The following answer doesn't really answer the question given, because it's not about counting spanning subgraphs but about counting all subgraphs where some edges are fixed (i.e., cannot be removed). However, I'm posting it because it gives me the strong impression that having different path lengths is not crucial to achieving hardness for this kind of problems. Maybe a variant of the argument can be used to show #P-hardness for the actual problem asked in the question. Edit: Another point is that this answer uses directed graphs, not undirected graphs.
If you can fix edges, then the problem in #P-hard. To see why, let's reduce from the problem #PP2DNF, of counting the number of satisfying assignments of a positive partitioned 2-DNF Boolean formula, i.e., a formula $\phi$ on variables $X_1, \ldots, X_n, Y_1, \ldots, Y_m$ of the form $\bigvee_{1 \leq j \leq k} X_{n_j} \land Y_{m_j}$. This problem is #P-complete by this paper (sorry, couldn't find an open-access version).

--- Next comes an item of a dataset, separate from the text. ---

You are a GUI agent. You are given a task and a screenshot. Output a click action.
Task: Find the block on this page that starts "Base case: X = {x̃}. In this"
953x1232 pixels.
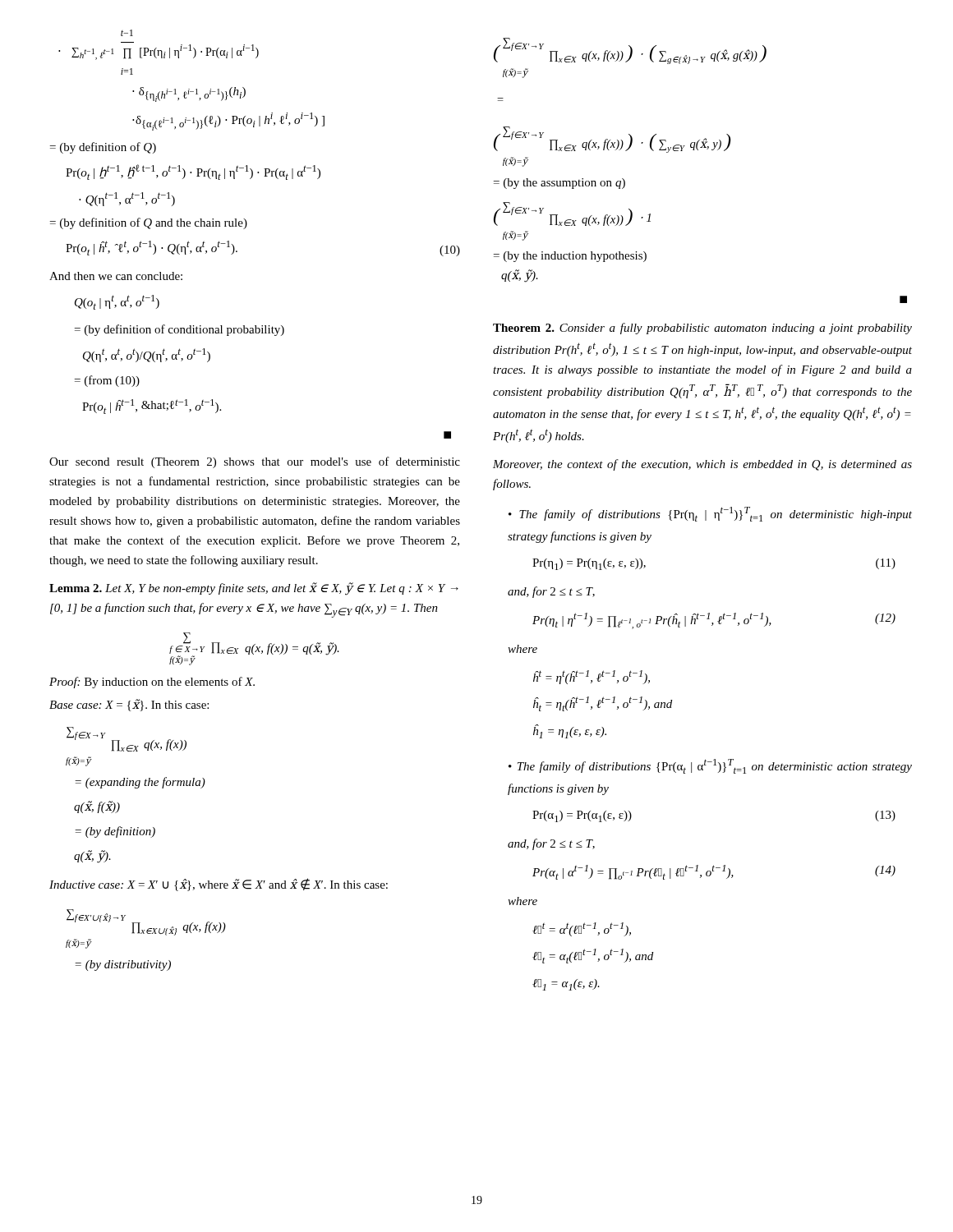(130, 705)

Given $\phi$ let's build a DAG $G$ with the source $s$, the sink $t$, and vertices $x_1, \ldots, x_n$ and $y_1, \ldots, y_m$. Put one edge from $s$ to $x_i$ for each $i$, one edge from $y_i$ to $t$ for each $i$, and for each clause $X_{n_j} \land Y_{m_j}$ add an edge from $x_{n_j}$ to $y_{m_j}$ which is fixed. This completes the definition of $G$: note that all possible paths from $s$ to $t$ have length 3.
Now, choosing a subgraph of $G$ while keeping the fixed edges amounts to keeping a subset of the edges incident to $s$, and a subset of the edges incident to $t$. It is clear that there is a bijection between such subgraphs and the valuations of the variables of $\phi$, where we set a variable to true if we keep its one incident edge that is not fixed. Further, any path from $s$ to $t$ in such a subgraph of $G$ witnesses the existence of a clause that satisfies $\phi$ in the corresponding valuation. Hence, the number of satisfying valuations of $\phi$ is exactly the number of subgraphs of $G$ that keep the fixed edges, concluding the proof.
(This proof is inspired by the proof of Theorem 3.2 in the book Probabilistic Databases by Suciu, Olteanu, Ré, and Koch; sorry again but I don't have an open-access link to this either.)